Replacing missing data with EM

Hello everyone,

For my undergraduate dissertation in Psychology I have conducted research testing the executive function (EF) skills of 40 children, gaining five EF scores. Several children did not complete all the tests, so I have some missing data (13.75% of values).

I have been browsing the web for appropriate replacement methods - as my sample is so small I cannot afford deleting the values - and came across the EM (expectation-maximization) method. As my values are MCAR (missing completely at random), this seemed like a good solution, as it is more accurate than replacing mean or using regression (right?).

So, I have run the required SPSS procedures and have a dataset with my replaced scores, but do face a puzzle now: Firstly, how can I 'test' whether these scores are actually accurate?
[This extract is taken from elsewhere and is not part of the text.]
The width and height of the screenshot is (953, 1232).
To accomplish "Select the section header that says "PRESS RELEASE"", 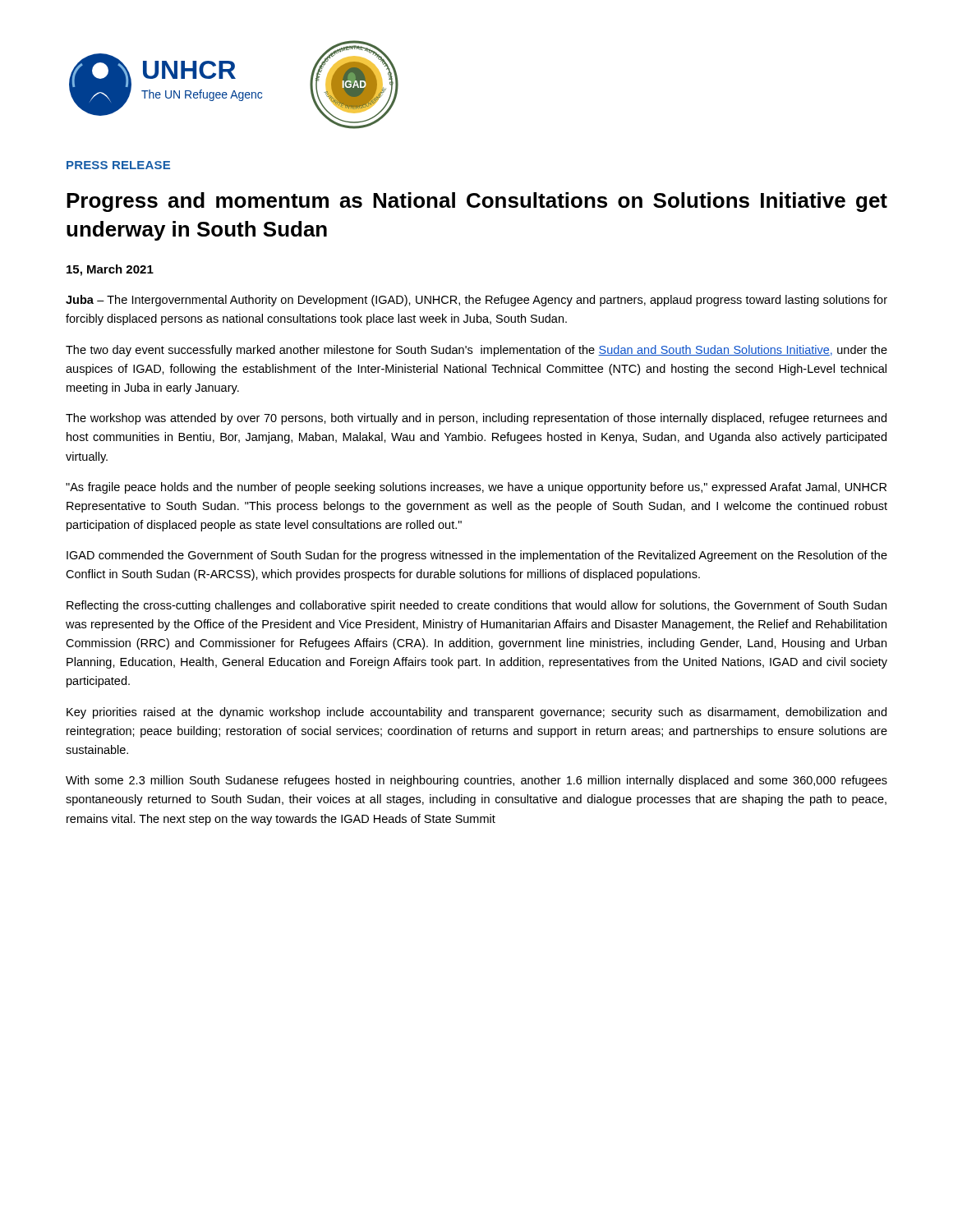I will [118, 165].

Or do I just assume that they are? Secondly, and most importantly, what do I need to report in my write-up for this procedure? Is it enough to write that this method was used to replace missing data, or do I need to report some coefficients etc.?
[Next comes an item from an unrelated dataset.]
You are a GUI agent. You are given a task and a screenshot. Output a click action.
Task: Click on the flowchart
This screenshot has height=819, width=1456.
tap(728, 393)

I'd be grateful for some advice!
Many thanks!


Probably A Mammal
There is no way to test the accuracy of replacement because you don't know what should go there, and you can really use quite a number of methods to fill in the holes, as it were. I've heard of EM but never looked into it, and it is hard to say what method is 'right'. I'd report what method you're doing and maybe some descriptive statistics of pre and post changes to your data to give an idea about how your method changed. I'd also probably use a number of methods and argue to defend the choice of method I use (or run the entire analysis and use the alternatives, including no filling, as a sensitivity analysis).